Sends a custom header (default X-Api-Key). Use header: to override. The raw credential value is written to the header with no scheme prefix -- use bearer if the backend expects Authorization: Bearer <token>.

      - url: "http://analytics-llm:9000"
        name: "analytics-gw"
        type: "openai-compatible"
        auth:
          type: api_key
          key: "${ANALYTICS_API_KEY}"
          header: "X-Api-Key"   # optional, this is the default

basic

Sends Authorization: Basic <base64(user:pass)>.

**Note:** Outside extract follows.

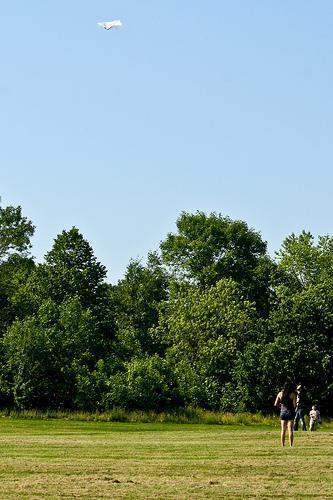How many people are there?
Give a very brief answer. 3.

      - url: "http://internal-llm:8080"
        name: "llamacpp-basic"
        type: "llamacpp"
        auth:
          type: basic
          username: "admin"
          password: "s3cr3t"

Environment Variable Interpolation

Hardcoding credentials in config files is an antipattern. Use ${VAR} placeholders instead:

auth:
  type: bearer
  token: "${VLLM_API_KEY}"

Olla expands these at startup using ExpandStrict. If the variable is unset and has no default, the process exits with a clear error. This prevents silent misconfiguration.

Default Values

Use ${VAR:-default} for optional credentials or fallback values:

auth:
  type: api_key
  key: "${CUSTOM_API_KEY:-changeme}"

Defaults in production

:-default is useful for development. In production, prefer requiring the variable explicitly so a missing secret surfaces as a startup failure rather than silently using a fallback.

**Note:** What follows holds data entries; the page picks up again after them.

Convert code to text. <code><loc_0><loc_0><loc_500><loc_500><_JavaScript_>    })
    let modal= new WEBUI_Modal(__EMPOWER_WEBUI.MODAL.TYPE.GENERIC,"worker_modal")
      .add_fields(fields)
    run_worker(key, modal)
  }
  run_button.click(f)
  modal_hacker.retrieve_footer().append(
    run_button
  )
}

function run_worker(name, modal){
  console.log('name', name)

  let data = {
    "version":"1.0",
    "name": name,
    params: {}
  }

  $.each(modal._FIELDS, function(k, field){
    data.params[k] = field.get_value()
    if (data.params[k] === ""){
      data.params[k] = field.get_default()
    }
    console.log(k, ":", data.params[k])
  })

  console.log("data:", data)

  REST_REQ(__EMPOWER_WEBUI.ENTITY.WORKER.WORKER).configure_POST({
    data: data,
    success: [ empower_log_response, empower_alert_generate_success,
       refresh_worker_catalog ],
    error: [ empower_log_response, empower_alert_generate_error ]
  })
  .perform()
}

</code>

File-Based Secrets (_file suffix)

Each credential field has a _file sibling that reads the value from a file path. This is the standard pattern for Docker Secrets and Kubernetes mounted secrets, where a volume provides a file containing a single secret value.

auth:
  type: bearer
  token_file: "/run/secrets/vllm_api_key"

The file contents are trimmed of leading/trailing whitespace. Setting both the inline field and the _file field is a fatal startup error.

Available _file Fields

Auth type Inline field File field
bearer token token_file
api_key key key_file
basic username username_file
basic password password_file

Docker Compose Example

# docker-compose.yml
services:
  olla:
    image: ghcr.io/thushan/olla:latest
    secrets:
      - vllm_api_key
    volumes:
      - ./config.local.yaml:/app/config/config.local.yaml

secrets:
  vllm_api_key:
    file: ./secrets/vllm_api_key.txt

# config.local.yaml
discovery:
  static:
    endpoints:
      - url: "http://vllm:8000"
        name: "vllm"
        type: "vllm"
        auth:
          type: bearer
          token_file: "/run/secrets/vllm_api_key"

Kubernetes Secret Example

apiVersion: v1
kind: Secret
metadata:
  name: olla-backend-creds
stringData:
  vllm-token: "sk-my-token"
---
# In your Deployment, mount as a volume or env var:
env:
  - name: VLLM_API_KEY
    valueFrom:
      secretKeyRef:
        name: olla-backend-creds
        key: vllm-token

Then reference it from config:

auth:
  type: bearer
  token: "${VLLM_API_KEY}"

The headers: Escape Hatch

For backends that need authentication headers that don't fit bearer/api_key/basic, use the headers: map directly. Headers set here are copied verbatim on every forwarded request.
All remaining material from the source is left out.